If a hook fails to be sent for any reason, it will be retried up to a maximum of 10 times with an exponential backoff policy. The 2nd attempt will be approximately 1 minute after the first, the third approximately 2 minutes after the 2nd, and so on to a maximum of 1 hour between attempts. If there is still a failure after 10 attempts, the call will be abandoned.

Security

To enhance security and prevent replay attacks, we have implemented a hook signing algorithm so you can verify each hook request as you receive it. We have also provided a Go Library and a TypeScript Library for verifying incoming webhooks.

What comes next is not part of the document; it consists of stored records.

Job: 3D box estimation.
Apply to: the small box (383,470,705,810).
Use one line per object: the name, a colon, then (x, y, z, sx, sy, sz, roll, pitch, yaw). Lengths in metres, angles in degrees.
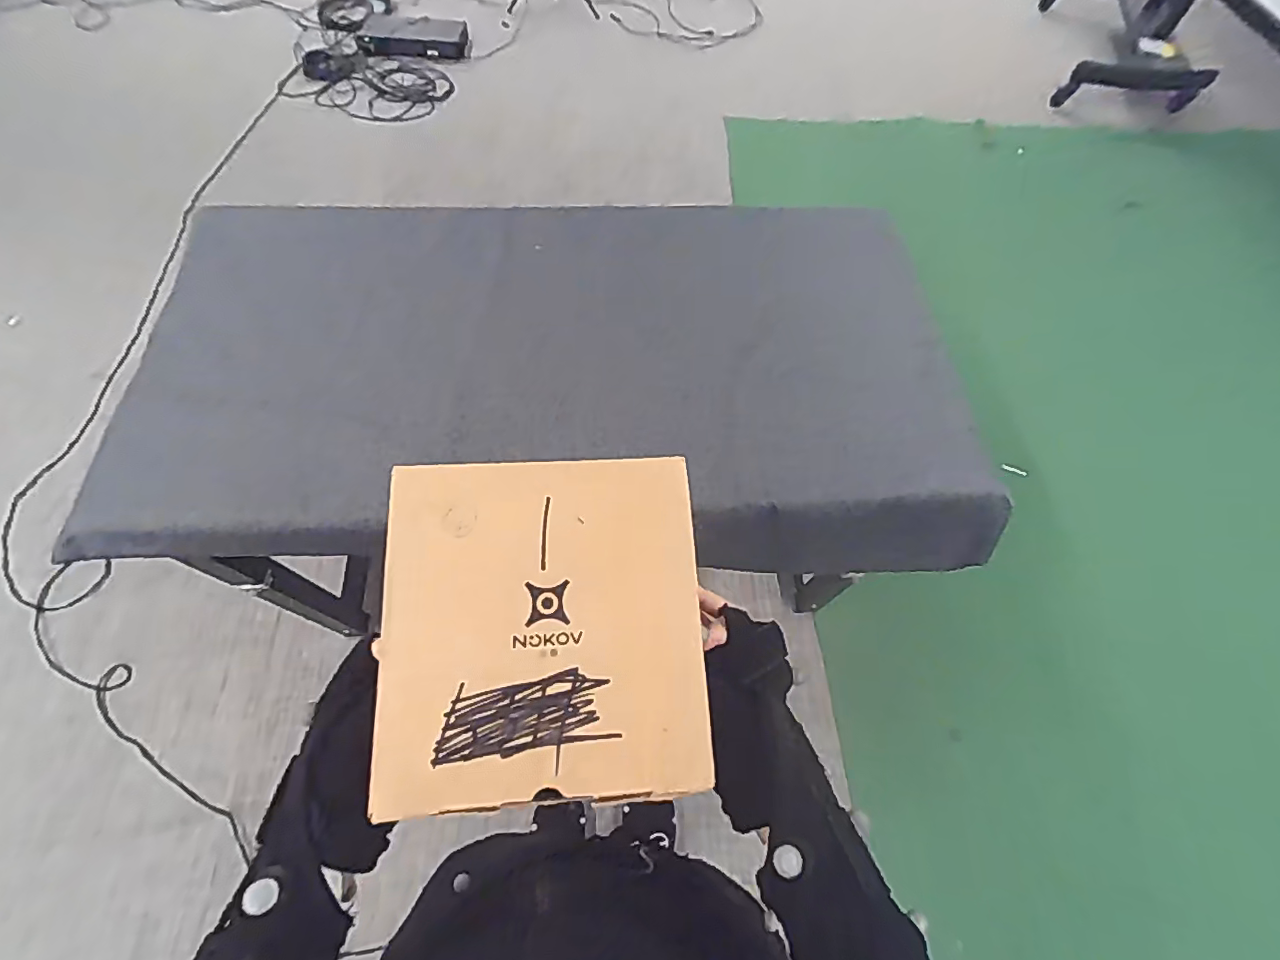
small box: (-0.054, 0.099, 0.370, 0.168, 0.176, 0.179, -1, 74, -5)
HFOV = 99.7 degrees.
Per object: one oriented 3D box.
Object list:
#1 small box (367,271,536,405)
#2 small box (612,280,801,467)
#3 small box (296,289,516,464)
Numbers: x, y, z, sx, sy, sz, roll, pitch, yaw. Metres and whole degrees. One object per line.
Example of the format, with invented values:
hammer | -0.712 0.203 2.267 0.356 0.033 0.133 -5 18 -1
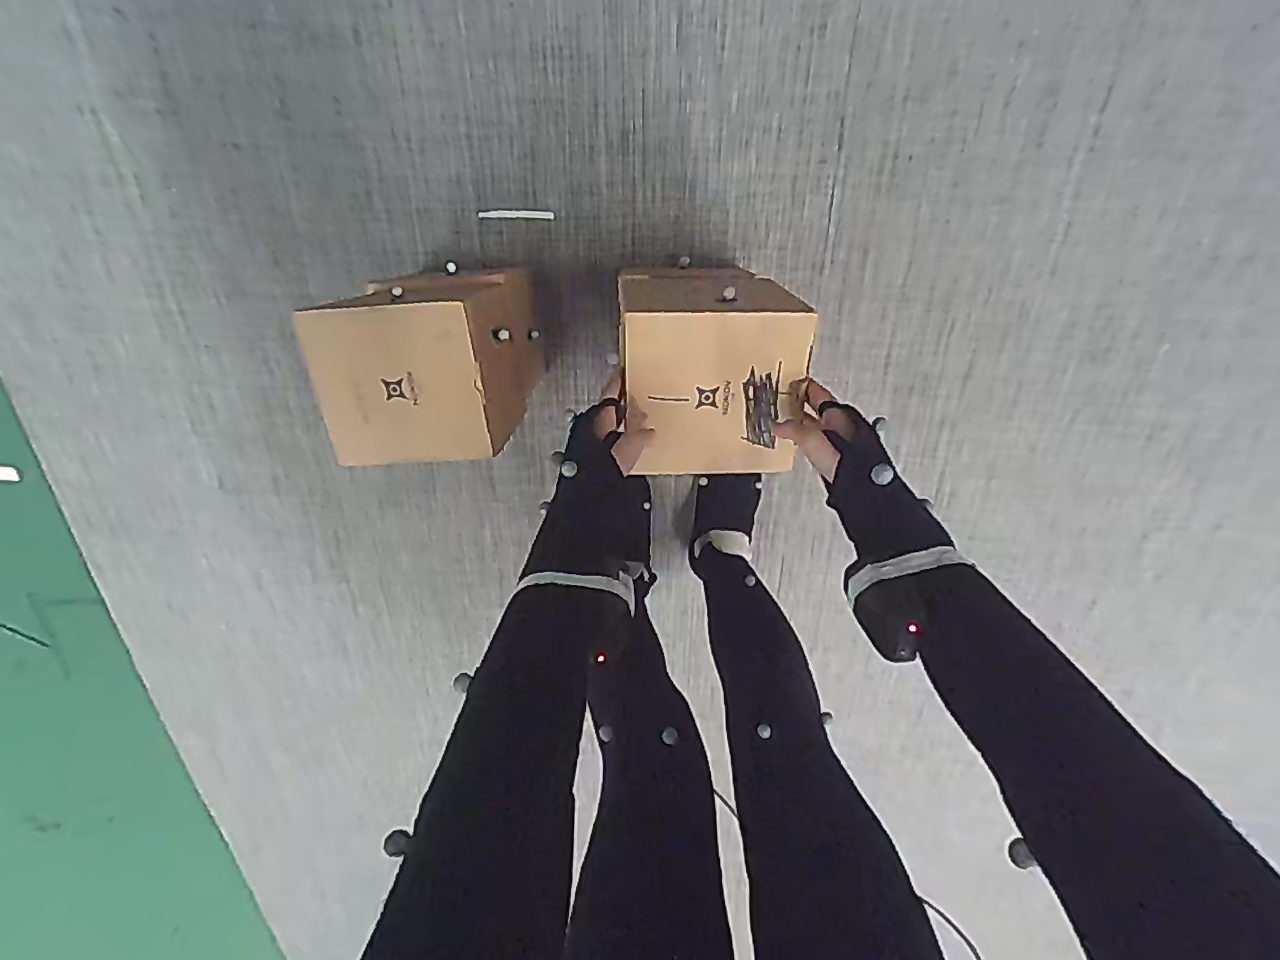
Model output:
small box | -0.254 -0.207 0.783 0.179 0.176 0.168 -3 114 2
small box | 0.059 -0.125 0.605 0.179 0.176 0.168 -1 119 -3
small box | -0.252 -0.129 0.640 0.179 0.176 0.168 -2 114 2
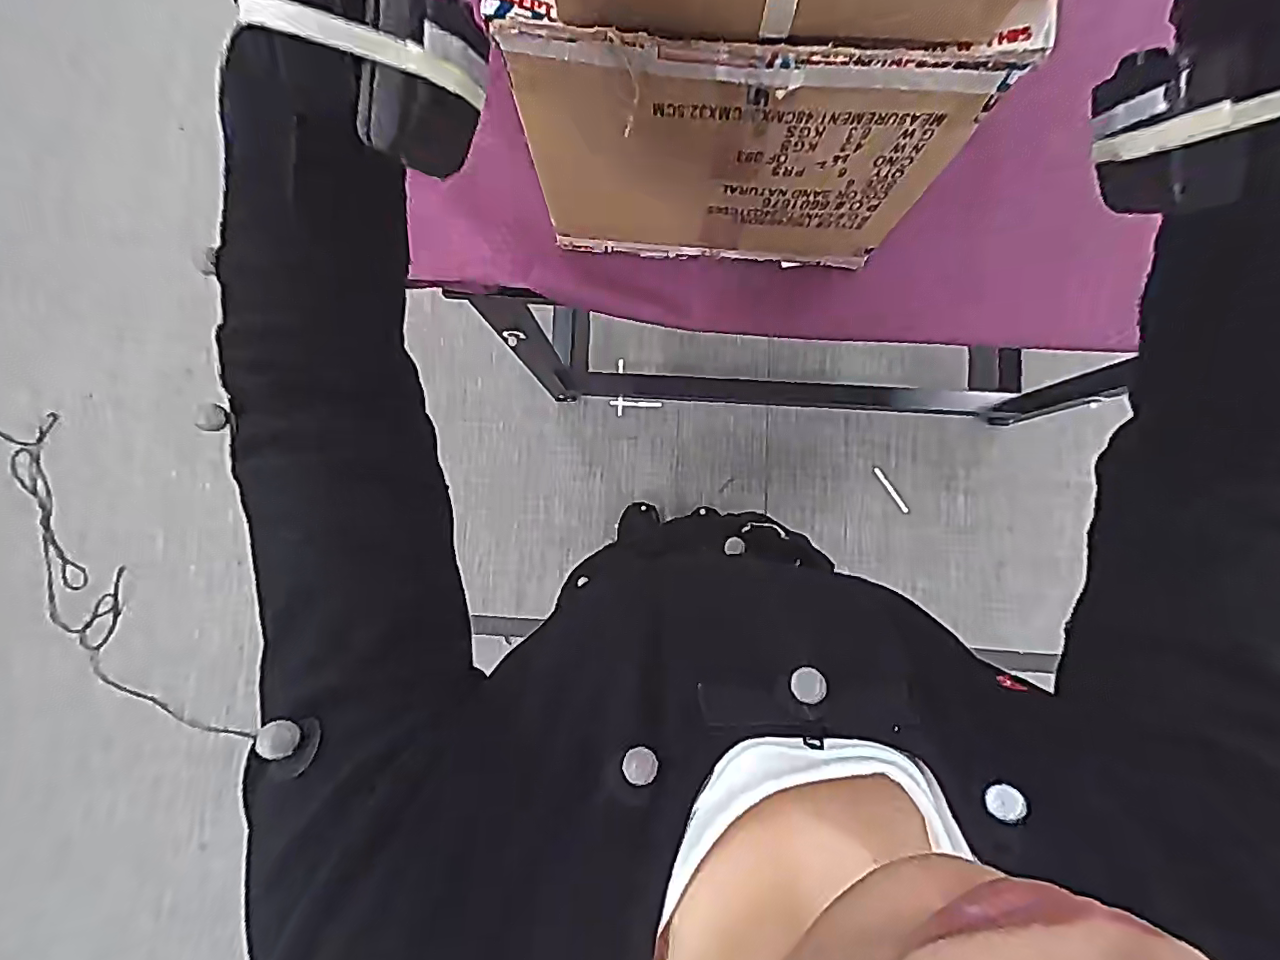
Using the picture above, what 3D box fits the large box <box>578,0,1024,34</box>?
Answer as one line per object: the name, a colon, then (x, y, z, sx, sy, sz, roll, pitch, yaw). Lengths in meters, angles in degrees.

Creating a Webhook Signing Secret

Create a Webhook Signing Secret from your account page:

The secret is a hexadecimal string. You will need a copy to verify webhooks. The signature will be placed in the HTTP header X-ZTC-Signature.

Go Example

import (
    "net/http"
    "github.com/zerotier/ztchooks"
)

const PSK = "<your_signing_secret>"

func hookCatcher(res http.ResponseWriter, req *http.Request) {
    body, err := io.ReadAll(req.Body)
    if err != nil {
        panic(err)
    }

    signature := req.Header.Get("X-ZTC-Signature")
    if err := ztchooks.VerifyHookSignature(PSK, signature, body, ztchooks.DefaultTolerance); err != nil {
        // signature verification failed
        res.WriteHeader(http.StatusInternalServerError)
        w.Write([]byte("500 - Signature Verification Failed"))
        return
    }

    // Signature verification succeeded
}

func main() {
    http.HandleFunc("/", hookCatcher)
    http.ListenAndServe(":9999", nil)
}

A more complete example of verification and processing hooks can be found here.

It is possible to have multiple signing secrets. Hooks will be signed with all secrets, and the verification method provided by the ztchooks library takes this into account automatically.